Industry’s first commercial Unikernel with POSIX compatibility
Lynx Software Technologies (Lynx), a specialist in Mission Critical Edge, released LynxElement, the industry’s first unikernel to be POSIX compatible and available for commercial use. LynxElement will be offered as part of the LYNX MOSA.ic portfolio of products for a diverse set of mission-critical use cases.
Third-party or open-source software has a high vulnerability of putting any application of any organisation at risk, but the possible threats and security impact on mission-critical software is even greater. Unikernels work best for applications requiring speed, agility, and a small attack surface for increased security and certifiability such as aircraft systems, autonomous vehicles and critical infrastructure. The use of Unikernels, which allow pre-built applications using libraries, reduces the attack surface. Unikernels are also very well suited as a component for mission-critical systems with heterogeneous workloads that need the coexistence of RTOS, Linux, Unikernel and bare-metal guests. Existing open-source Unikernel implementations haven’t seen great success due to a lack of adequate functionality, no clear path to safety certification and immature toolchains for debugging and producing images.
Utilising LYNX MOSA.ic’s software framework for building and integrating complex multi-core safety- or security-critical systems, Lynx has based its Unikernel product on its commercially proven LynxOS-178 real-time operating system, to enable compatibility between the Unikernel and the standalone LynxOS-178 product. This allows customers to freely transport applications between each environment and is FACE and POSIX API compatible. The Lynx framework provides built-in security for the Unikernel, paving a solid path to security and safety certification in mission-critical applications and making it enterprise-ready.
“Lynx’s safety pedigree enables us to provide customers with confidence that our operating systems are secure and ready for deployment in high-performance, highly secure and safety-certifiable systems,” said Pavan Singh, Vice President of product management at Lynx Software Technologies. “LynxElement offers increased density, better security, speed, and small size as compared with different approaches. This enables the predictability of systems to be determined by properties of the separation kernel, which we view as the foundational approach to the next generation of component-based development.”
Lynx developed the safety-critical Unikernel solution with the help of DESE Research, Inc.
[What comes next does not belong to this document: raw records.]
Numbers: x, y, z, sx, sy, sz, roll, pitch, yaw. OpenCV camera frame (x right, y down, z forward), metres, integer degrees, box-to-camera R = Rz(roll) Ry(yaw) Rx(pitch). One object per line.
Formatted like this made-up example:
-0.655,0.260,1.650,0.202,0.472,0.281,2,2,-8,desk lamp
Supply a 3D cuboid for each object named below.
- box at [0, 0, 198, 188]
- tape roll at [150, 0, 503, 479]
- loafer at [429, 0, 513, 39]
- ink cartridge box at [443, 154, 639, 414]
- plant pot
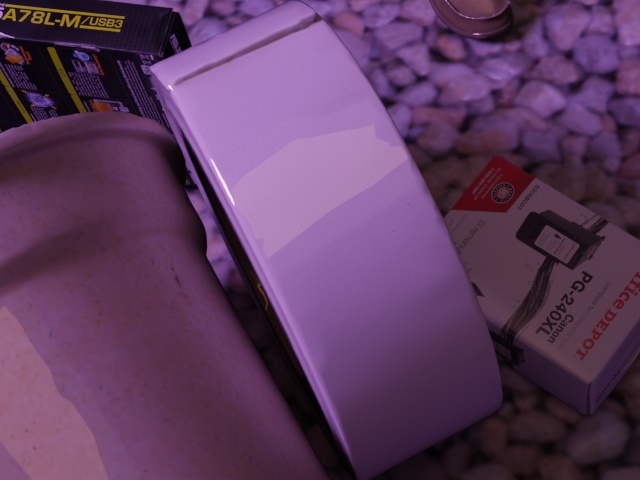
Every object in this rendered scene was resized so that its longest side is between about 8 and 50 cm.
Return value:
-0.171,-0.105,0.976,0.184,0.191,0.045,10,66,14,box
0.000,0.000,0.842,0.100,0.286,0.286,-26,62,-5,tape roll
0.102,-0.218,1.076,0.056,0.050,0.148,-27,62,-7,loafer
0.150,0.029,0.931,0.150,0.063,0.109,33,71,22,ink cartridge box
-0.132,0.150,0.786,0.333,0.334,0.305,-35,74,-11,plant pot
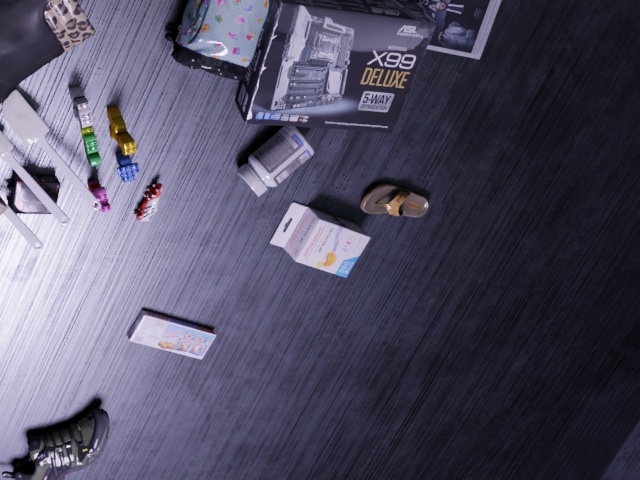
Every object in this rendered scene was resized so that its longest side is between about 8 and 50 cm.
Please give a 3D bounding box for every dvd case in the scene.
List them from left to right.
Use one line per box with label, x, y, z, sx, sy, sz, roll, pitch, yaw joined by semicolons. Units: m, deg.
dvd case;0.243;-0.453;1.838;0.238;0.029;0.179;3;117;-34

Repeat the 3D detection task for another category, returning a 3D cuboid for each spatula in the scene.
spatula;-0.491;-0.106;1.576;0.168;0.019;0.242;-37;117;-4

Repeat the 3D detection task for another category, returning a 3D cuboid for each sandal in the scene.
sandal;0.165;-0.076;2.020;0.180;0.049;0.072;8;114;-35

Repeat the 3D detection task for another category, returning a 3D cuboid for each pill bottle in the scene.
pill bottle;-0.086;-0.150;1.797;0.137;0.078;0.078;-40;132;-3

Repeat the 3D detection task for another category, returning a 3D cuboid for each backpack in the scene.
backpack;-0.156;-0.367;1.589;0.151;0.115;0.182;10;111;-33

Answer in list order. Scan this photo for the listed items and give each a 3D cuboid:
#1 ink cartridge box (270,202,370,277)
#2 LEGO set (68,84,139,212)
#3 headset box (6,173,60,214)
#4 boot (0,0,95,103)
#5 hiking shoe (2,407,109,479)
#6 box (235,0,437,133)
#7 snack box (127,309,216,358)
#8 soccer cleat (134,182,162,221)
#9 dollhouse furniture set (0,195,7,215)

“The solution we’ve developed with Lynx promises an incredibly flexible, efficient and robust alternative to common RTOS solutions for Army aviation platforms,” said Michael Kirkpatrick, CEO of DESE Research. “We’ve created the opportunity for customers to now host multiple real-time capabilities in parallel on a single multiprocessor device without impacting safety or performance, while also enabling the development of platform architectures with lower overall SWaP.”
The initial focus of LynxElement is centered on security, and a common use case would be to run security components like IDS and VPNs. By using a data diode and filter, the Unikernel can enable a customer to replace a Linux virtual machine, to save memory space and drastically reduce the attack space while guaranteeing timing requirements and safety certifiability.
LynxElement is being trailed by existing Lynx customers and additional organizations including the Navy, Air Force and Army organisations worldwide, which have seen initial success. The LynxElement product is available for both Intel and Arm processor architectures.